I do worry about instability, and I voted against the war in Iraq, and I believe that the war in Iraq was one of the great causes of increased instability. Every anti-Israel and every anti-American entity in the Middle East—Hezbollah, Hamas, Iran—were strengthened by our intervention, because of its unpopularity and futility.

To the extent that there was a problem in Iraq, with [Saddam] Hussein—I wish he hadn't been there—I would not have intervened to overthrow him, any more than I would intervene to overthrow with arms, Mugabe, or a number of other terrible dictators. But now, that argument isn't even there any more. Karl Rove, Bush's chief staff guy, has admitted that they wouldn't have gone into Iraq if they knew there were no weapons of mass destruction. Why they didn't know, I don't know. But the time has come for us to keep up the sanctions and toughness on Iran, to withdraw the troops from Iraq, and I support what the President and Benjamin Netanyahu and other leaders of the Arab world are doing to try to bring a genuine two-state solution, with full respect for Israel's right to exist, in the Middle East.

Schinella: Rachel, same question.

Brown: Yeah. The issue with Iraq is that, this is a similar policy to Vietnam, of dragging the United States into a long war, which forces us to destroy ourselves. So, no, there is no reason to be there. The problem is the British Empire, which got us into this war, and which has long controlled the region, since the Sykes-Picot treaty, in the early 1900s.

So, the second issue that's serious with Afghanistan, is the drug issue, where the opium trade has increased 500% since, especially, British occupation, but also U.S. occupation, in the Helmand province. And this drug production has been allowed to continue under the Administration of Obama, and the British. This is actually what's fuelling the terrorism. So, if the United States wants to stop terrorism, they should stop the drug trade there, and stop letting the British Empire get us into wars.

What if the GOP Gets a Majority?

Schinella: Well, both of you are Democrats, and of course, the only poll that matters is the one that happens on Election Day. Most of the data nationally shows that the Democrats are probably going to lose the House of Representatives, and maybe even the Senate.

Rachel, to you first: How will you ensure that you will represent the best interests of the 4th District, if the Congress is once again dominated by Republican control?

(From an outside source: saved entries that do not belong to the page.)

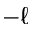Convert formula to latex. <formula><loc_0><loc_0><loc_500><loc_500>- \ell</formula> 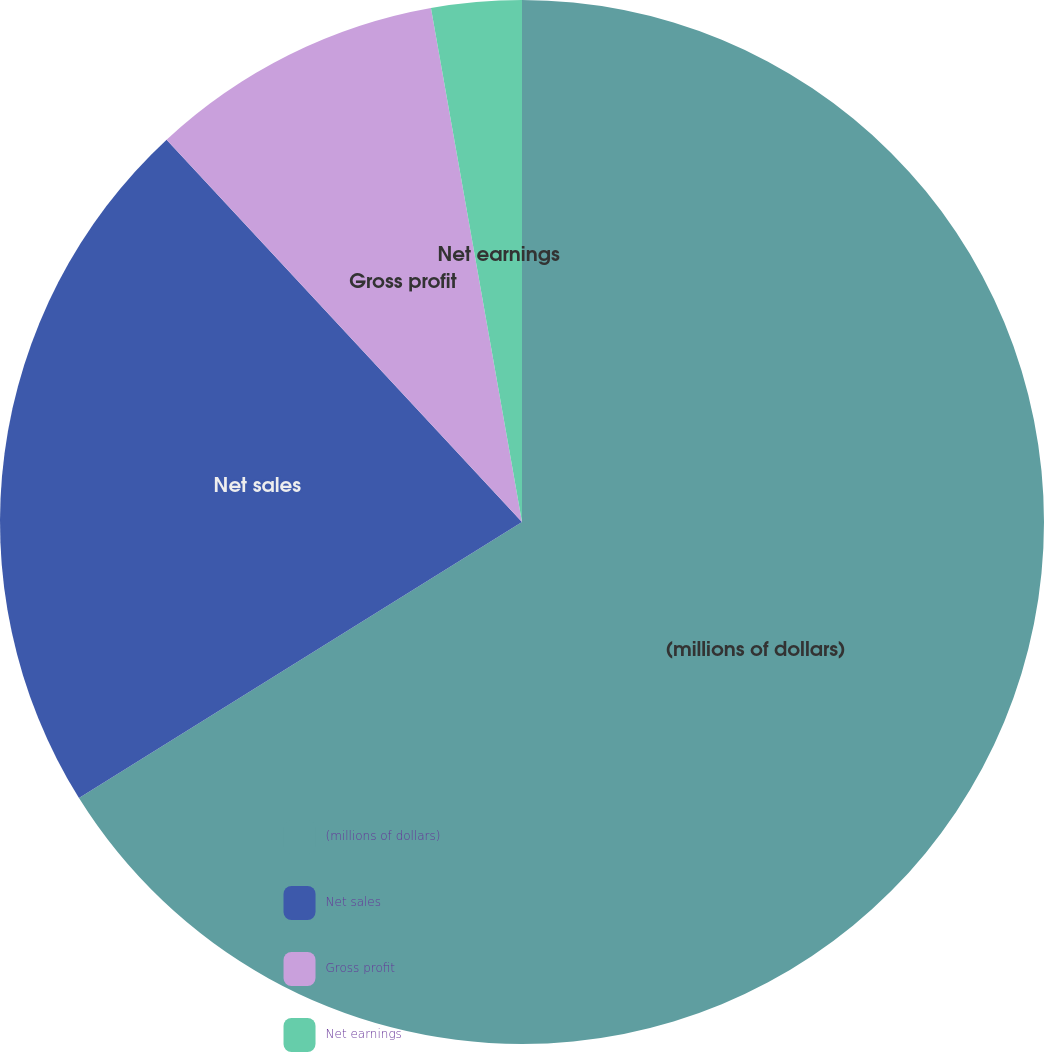<chart> <loc_0><loc_0><loc_500><loc_500><pie_chart><fcel>(millions of dollars)<fcel>Net sales<fcel>Gross profit<fcel>Net earnings<nl><fcel>66.13%<fcel>21.95%<fcel>9.13%<fcel>2.79%<nl></chart> 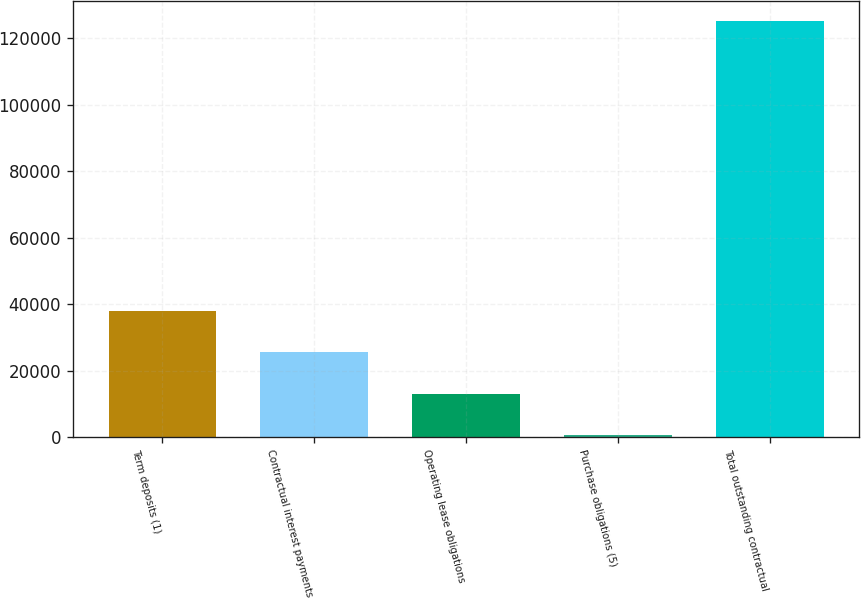Convert chart to OTSL. <chart><loc_0><loc_0><loc_500><loc_500><bar_chart><fcel>Term deposits (1)<fcel>Contractual interest payments<fcel>Operating lease obligations<fcel>Purchase obligations (5)<fcel>Total outstanding contractual<nl><fcel>37941.7<fcel>25496.8<fcel>13051.9<fcel>607<fcel>125056<nl></chart> 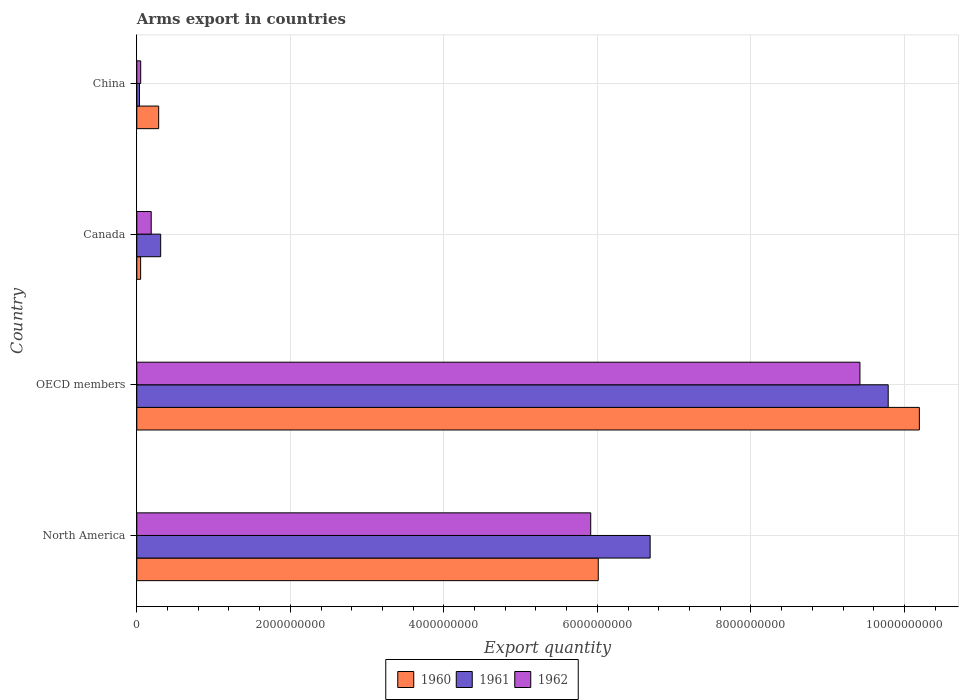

Brown: Well, one thing that's interesting, is that you have found bipartisan support for Glass-Steagall. The Glass-Steagall amendment [to the Dodd financial reform bill], which Barney Frank shut down, under his leadership, was a bipartisan amendment, from McCain and Cantwell. So, we've found support from a majority of the population, people from both sides of the aisle, for this policy. This is something immediately that I would put through. This needs to be done now.

Frank: Well, first, let me correct this. I did not shut down Senators John McCain and Maria Cantwell for anything. They were in the House, I am in the Senate [sic], so I didn't shut down anything the Senators tried to do.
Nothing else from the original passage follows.